Cos’è la pedalata rotonda?

La pedalata rotonda è uno di quegli aspetti del ciclismo di cui spesso si sente parlare ma di cui pochi sanno realmente di cosa si tratta. Si contrappone per antonomasia alla “pedalata a stantuffo” e dovrebbe differenziarsi da essa per il fatto che l’erogazione della potenza si distribuisce in maniera più uniforme tra tutte le fasi della pedalata; infatti, oltre alla classica fase di spinta si dovrebbe esercitare anche un’azione di trazione sul pedale in fase di recupero. Inoltre andrebbero anche considerate le fasi di transizione, ovvero quando la pedivella si trova nel punto morto superiore e nel punto morto inferiore; in queste fasi la forza applicata dovrebbe essere sempre perpendicolare all’asse della pedivella (ovvero bisognerebbe tirare indietro al punto morto inferiore e spingere avanti al punto morto superiore).

pedalata rotonda

Esiste davvero la pedalata rotonda? Cosa ci dice la letteratura.

La pedalata illustrata poc’anzi è una pedalata ideale in cui in ogni istante la forza applicata è tangenziale alla circonferenza descritta dal pedale, ovvero sempre perpendicolare all’asse della pedivella. Questo significherebbe che tutta la forza applicata viene impiegata per la propulsione (al netto degli attriti meccanici), mentre la realtà è ben diversa.

Durante la pedalata la forza impressa sul pedale varia non solo come intensità, ma anche e soprattutto come direzione. Per queste ragioni la forza applicata va scomposta in componente verticale e componente orizzontale; la prima è quella che effettivamente viene impiegata nella propulsione del mezzo, mentre la seconda viene dispersa.

In una pedalata “rotonda” ideale l’efficacia della pedalata, ovvero il rapporto tra la forza applicata e quella realmente propulsiva (perpendicolare all’asse della pedivella) è uguale ad 1; nella realtà invece questo valore si assesta tra 0,4 e 0,6, ovvero la forza che realmente contribuisce alla propulsione della bicicletta è circa il 40-60% della forza che noi imprimiamo sui pedali. Ma bisogna fare un’altra considerazione: se noi scindiamo la fase di spinta da quella di recupero possiamo osservare che nella prima abbiamo valori molto alti di efficacia di pedalata (quasi tutta la forza che imprimiamo sul pedale viene impiegata per muovere la bicicletta), mentre nella seconda abbiamo valori di efficacia di pedalata negativi. Questo significa che nella fase di recupero spesso applichiamo una forza opposta al movimento della pedivella. Ridurre questa componente, ovvero la forza contraria al movimento della pedivella nella fase di recupero, è la chiave per migliorare la nostra efficacia di pedalata.

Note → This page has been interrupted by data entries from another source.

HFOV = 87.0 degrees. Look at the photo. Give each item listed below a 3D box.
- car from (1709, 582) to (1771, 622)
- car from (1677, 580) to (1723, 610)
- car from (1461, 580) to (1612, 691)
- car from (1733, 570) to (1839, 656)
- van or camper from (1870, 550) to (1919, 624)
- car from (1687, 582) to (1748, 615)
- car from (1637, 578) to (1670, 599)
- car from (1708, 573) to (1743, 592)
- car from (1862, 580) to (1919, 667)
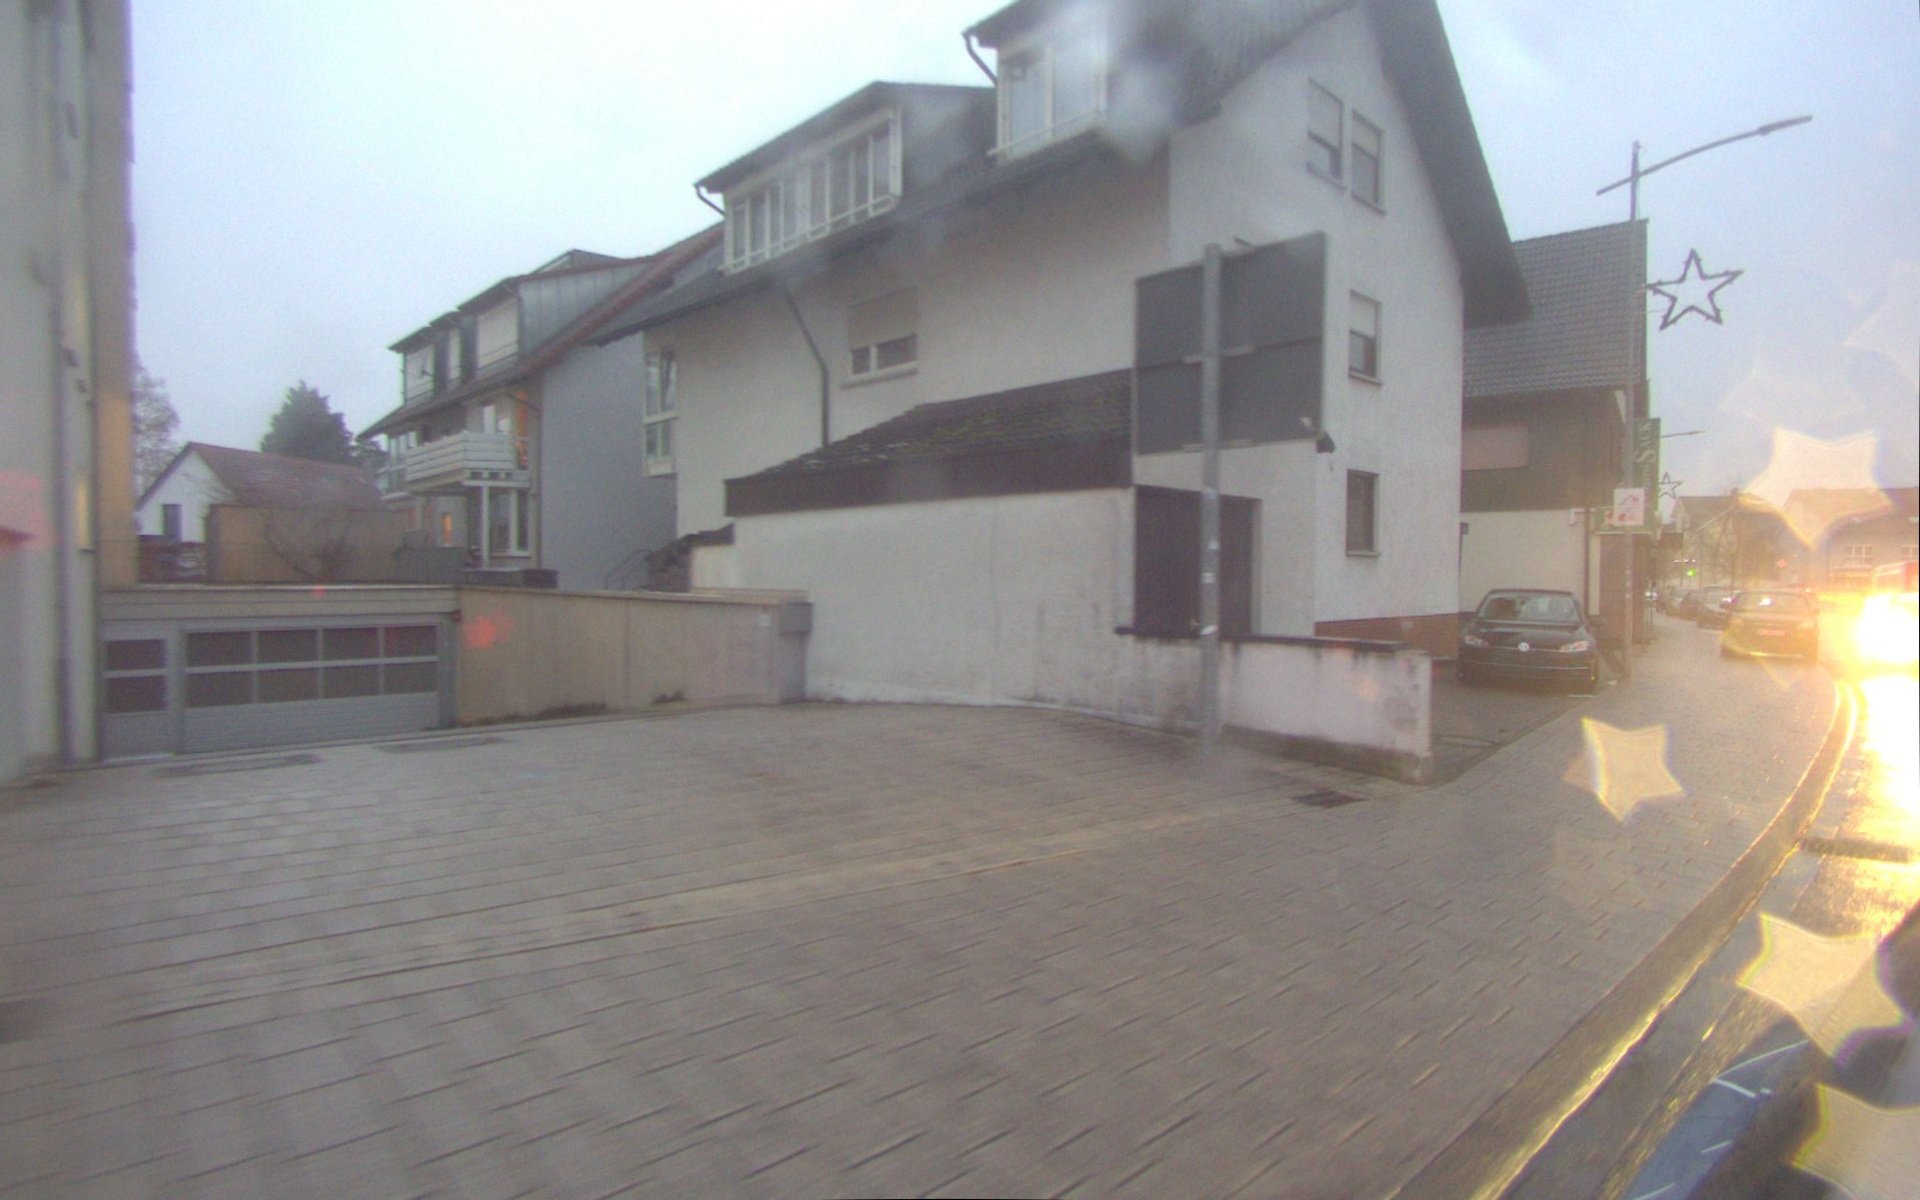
[{"bbox_3d":[32.502,0.055,42.264,1.646,1.472,4.188,4,3,33],"label":"car"},{"bbox_3d":[41.628,-0.326,57.021,1.657,1.595,4.448,2,2,31],"label":"car"},{"bbox_3d":[8.970,0.431,15.705,1.758,1.410,3.871,3,3,31],"label":"car"},{"bbox_3d":[20.063,0.251,24.555,1.769,1.803,3.941,5,4,41],"label":"car"},{"bbox_3d":[37.858,-0.485,39.518,2.231,2.702,6.481,2,2,32],"label":"van or camper"},{"bbox_3d":[38.202,-0.107,51.156,1.947,1.552,4.954,-2,0,31],"label":"car"},{"bbox_3d":[55.511,-0.938,81.066,1.798,1.583,4.259,2,2,30],"label":"car"},{"bbox_3d":[65.899,-1.499,87.144,1.651,1.656,3.520,0,1,25],"label":"car"},{"bbox_3d":[20.186,0.498,20.874,1.896,1.661,4.504,-3,-3,37],"label":"car"}]

Quindi bisogna tirare nella fase di recupero?

Non esattamente. Abbiamo visto come sia importante minimizzare la forza contraria al movimento della pedivella nella fase di recupero, ma esercitare una forza di trazione verso l’alto potrebbe essere controproducente. Da una parte migliorerebbe l’efficacia della pedalata, aumentando la forza realmente propulsiva nella fase di recupero, tuttavia richiederebbe un dispendio energetico molto elevato, andando a ridurre in maniera significativa l’efficienza della pedalata.

Quindi ciò che dobbiamo tenere a mente è che nella fase di recupero bisogna assecondare il naturale movimento della pedivella. Per fare questo può essere utile pensare di togliere il peso dell’arto inferiore dal pedale, pensando non tanto di tirare verso l’alto con il piede, ma piuttosto di portare il ginocchio verso il petto. Questa immagine motoria contribuisce all’attivazione dei muscoli flessori d’anca (in particolare l’ileopsoas), innescando il giusto pattern motorio di pedalata.